The company maintains a strong cash position, with cash and cash equivalents exceeding $700 million, allowing for potential organic and inorganic growth opportunities.
Watchpoints
The company faced short-term headwinds due to unusually heavy rainfall, impacting demand momentum in the leisure travel segment.
Despite solid growth, the domestic air ticketing market only saw a marginal increase of about 6% year-on-year, indicating potential challenges in this segment.
There is a noted consumption slowdown in certain areas, which could impact future growth, although early signs in the current quarter do not indicate a significant slowdown.
The impact of geopolitical tensions and macroeconomic factors, such as potential war situations, could affect travel demand to specific regions.
Pricing normalization in the hotel segment, particularly for international hotels, could challenge maintaining high growth rates in the near term.
(6) KKR
KKR & Co Inc reported Q3 2024 Earnings: Revenue Hits $4.79 Billion, GAAP EPS at $0.69

KKR is the second largest alternative asset manager, with $601.3 billion in total managed assets, including $487.3 billion in fee-earning AUM, as of June 2024.
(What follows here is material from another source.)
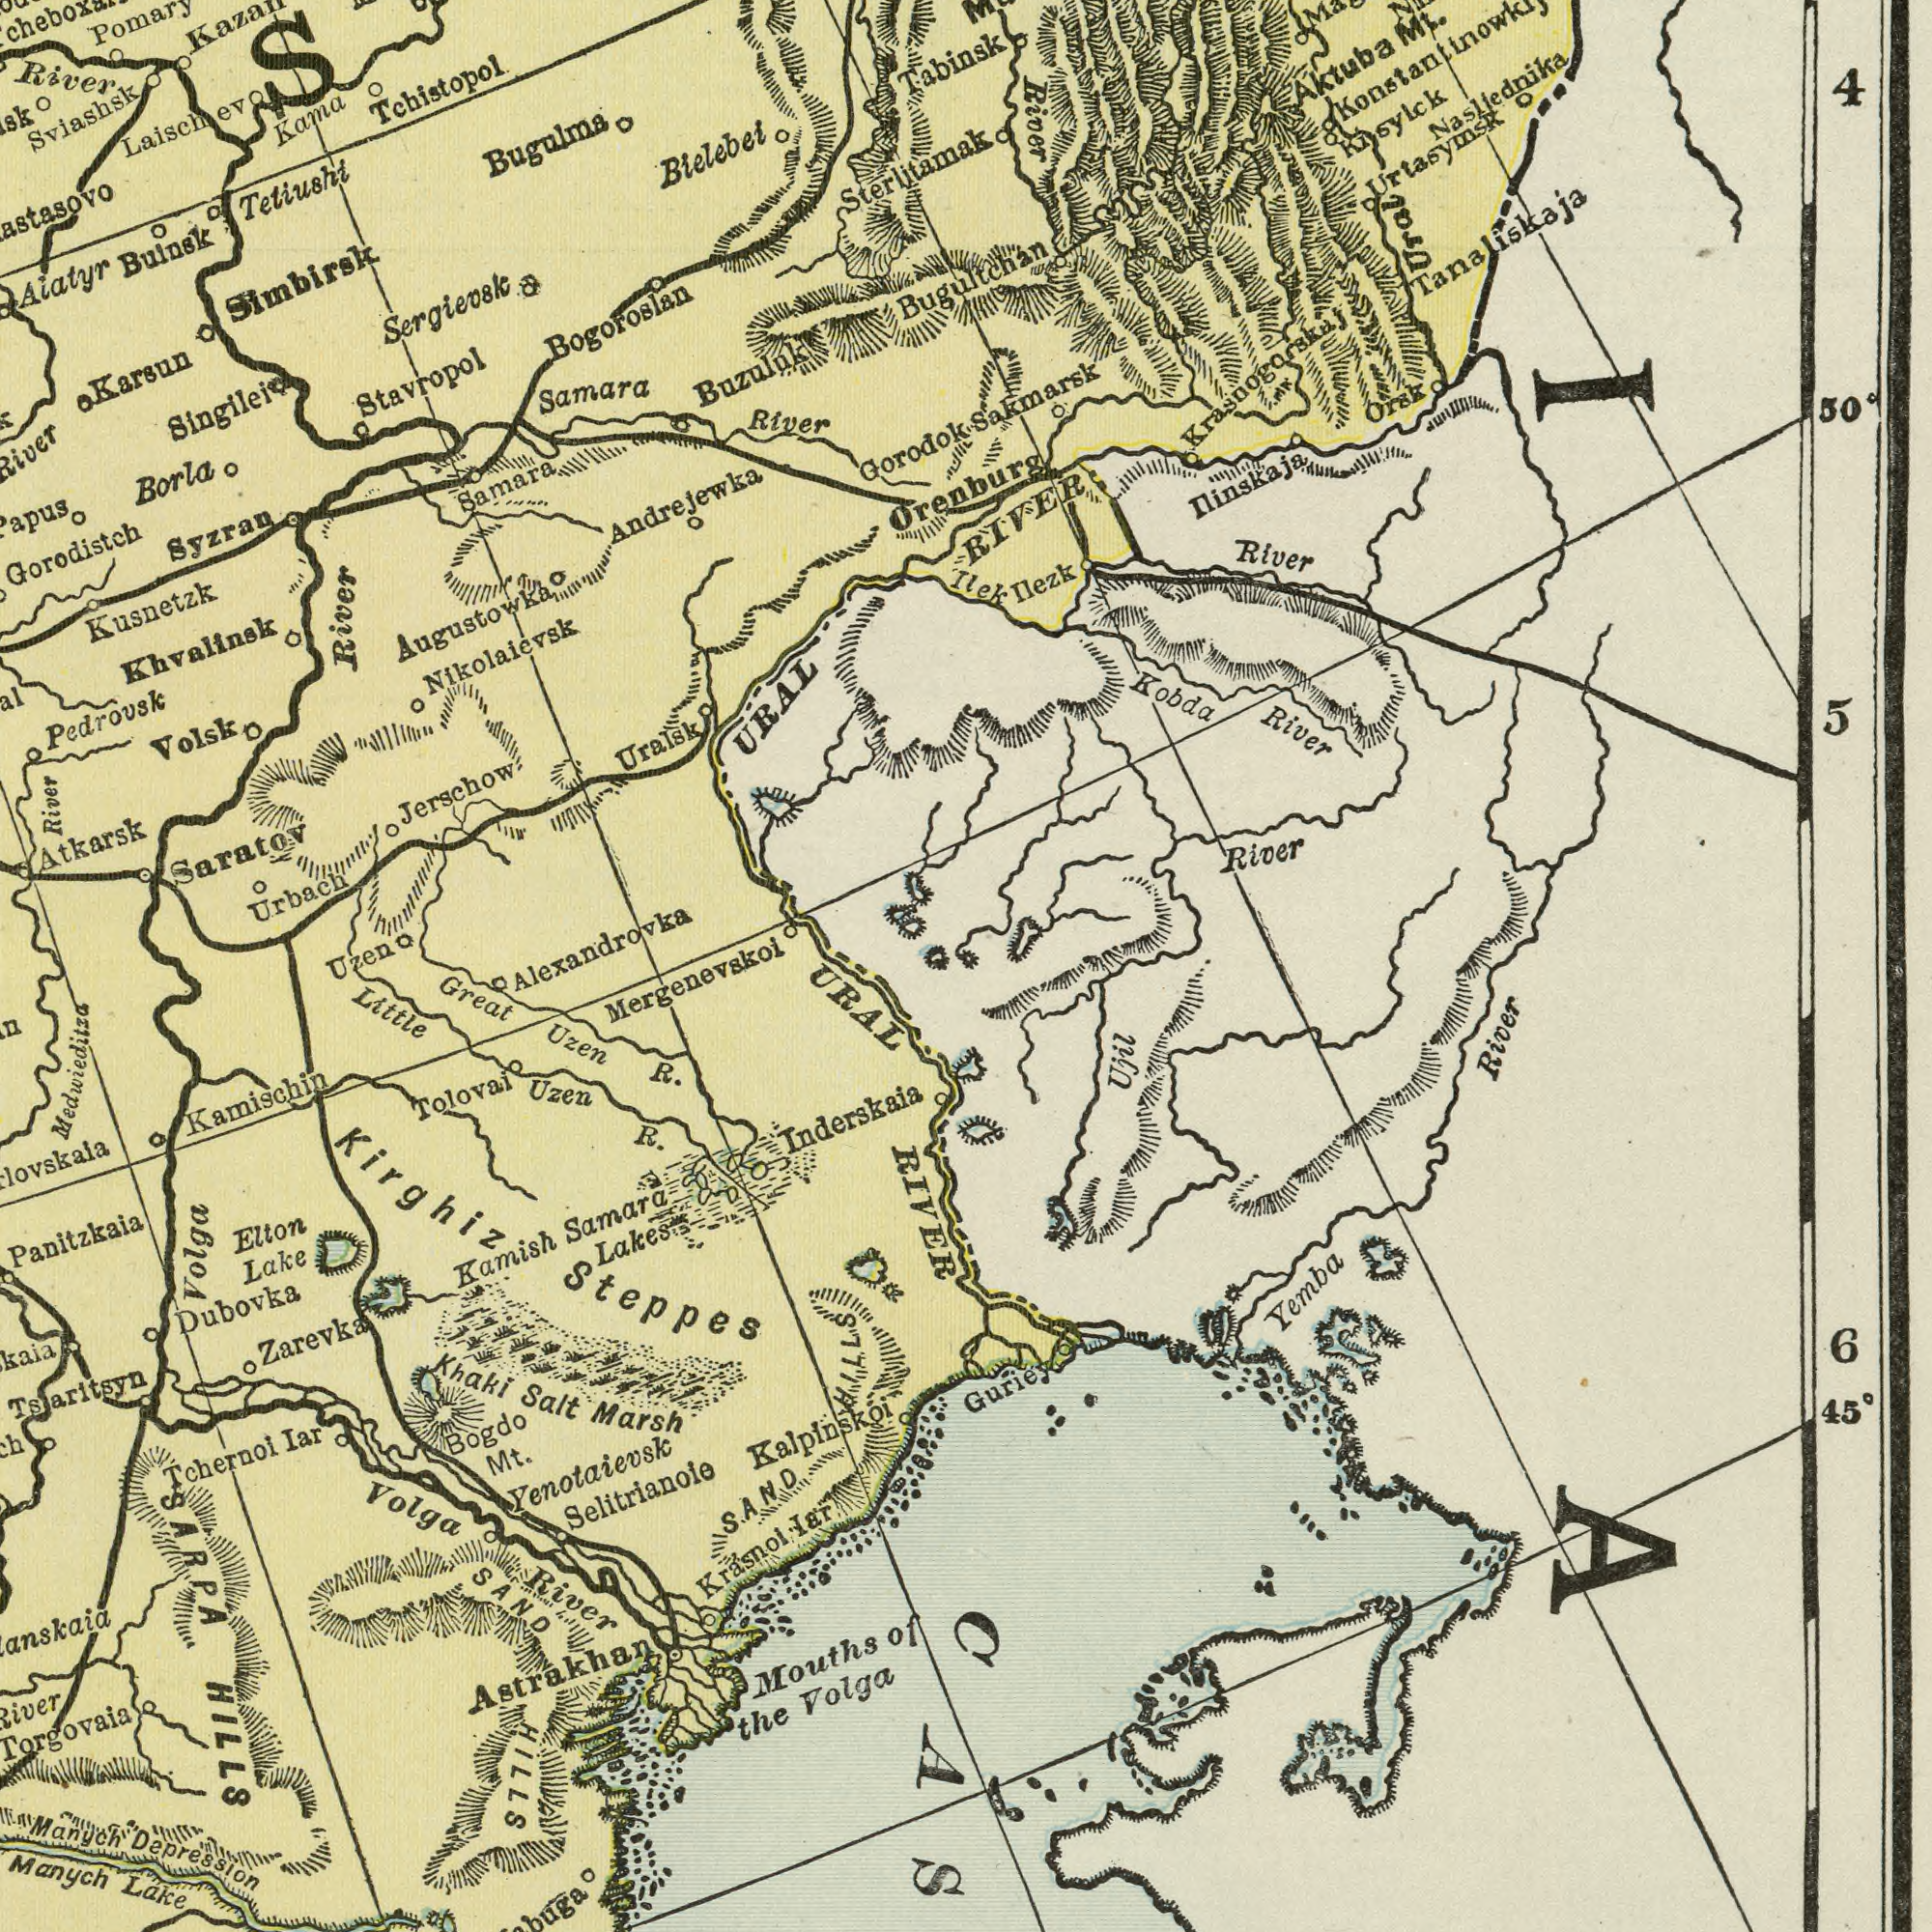What text is shown in the bottom-right quadrant? River Yemba 6 45<sup>0</sup> Ujil ###IA### Guriey What text appears in the top-right area of the image? RIVER River Nasliednika Sakmarsk River River Aktuba River Kobda Orsk Mt. Kisylck Ilezk 4 Urtasymsk Ilek Tanaliskaja 5 50<sup>0</sup> Ilinskaja Tabinsk Ural Bugultchan Krasnogorskaj Orenburg What text is visible in the upper-left corner? Gorodistch Saratov Sviashsk Kusnetzk Bogoroslan Atkarsk Stavropol Bugulma Bielebei Samara River Syzran Buzuluk Sergievsk Pedrovsk River Borla Samara Urbach Tetiushi Singilei Uralsk Kama Karsun Simbirsk River Jerschow River Andrejewka URAL Nikolaievsk River Pomary Bulnsk Aiatyr Augustowka Gorodok Khvalinsk Volsk Laischev Tchistopol Sterlitamak Uzen Alexandrovka What text can you see in the bottom-left section? Steppes Panitzkaia Volga Tsaritsyn Manych Inderskaia Kamischin Marsh Yenotaievsk Selitrianoie Torgovaia Tchernoi Khaki Volga River Lake Great Tolovai Depression Krasnol Lake R. Salt Iar Little R. Samara RIVER Dubovka Lakes Zarevka Uzen HILLS Bogdo HILLS Elton River SAND SARPA Iar Medwieditza Mt. Manych Uzen Astrakhan Kamish Kirghiz Mergenevskoi URAL Kalplnskoi SAND Mouths of the Volga HILLS

The company operates through two core segments, asset management, and insurance, following its acquisition of Global Atlantic Financial Group.
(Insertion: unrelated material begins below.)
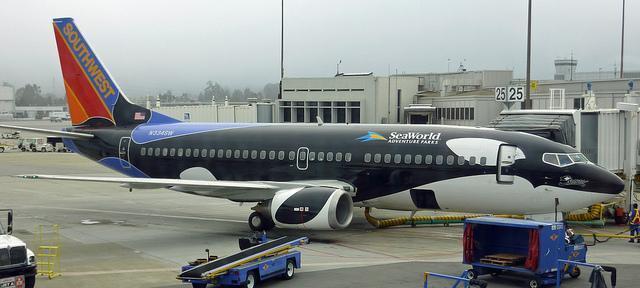How many trucks are in the picture?
Give a very brief answer. 2.

Revenue: Achieved $4.79 billion in Q3 2024, a significant increase from $3.32 billion in Q3 2023.
Net Income: The reported GAAP net income attributable to common stockholders is $0.7 billion for the quarter.
GAAP EPS: Basic earnings per share stood at $0.74, with diluted EPS at $0.69 for Q3 2024.
Assets Under Management (AUM): Reached $624 billion, reflecting an 18% year-over-year growth.
Fee-Related Earnings (FRE): Recorded $1.0 billion in the quarter, up 79% year-over-year, showcasing solid operational performance.
Adjusted Net Income (ANI): Increased by 58% year-over-year to $1.2 billion, indicating robust financial health.
Dividend: Declared a regular dividend of $0.175 per share for the quarter, maintaining shareholder returns.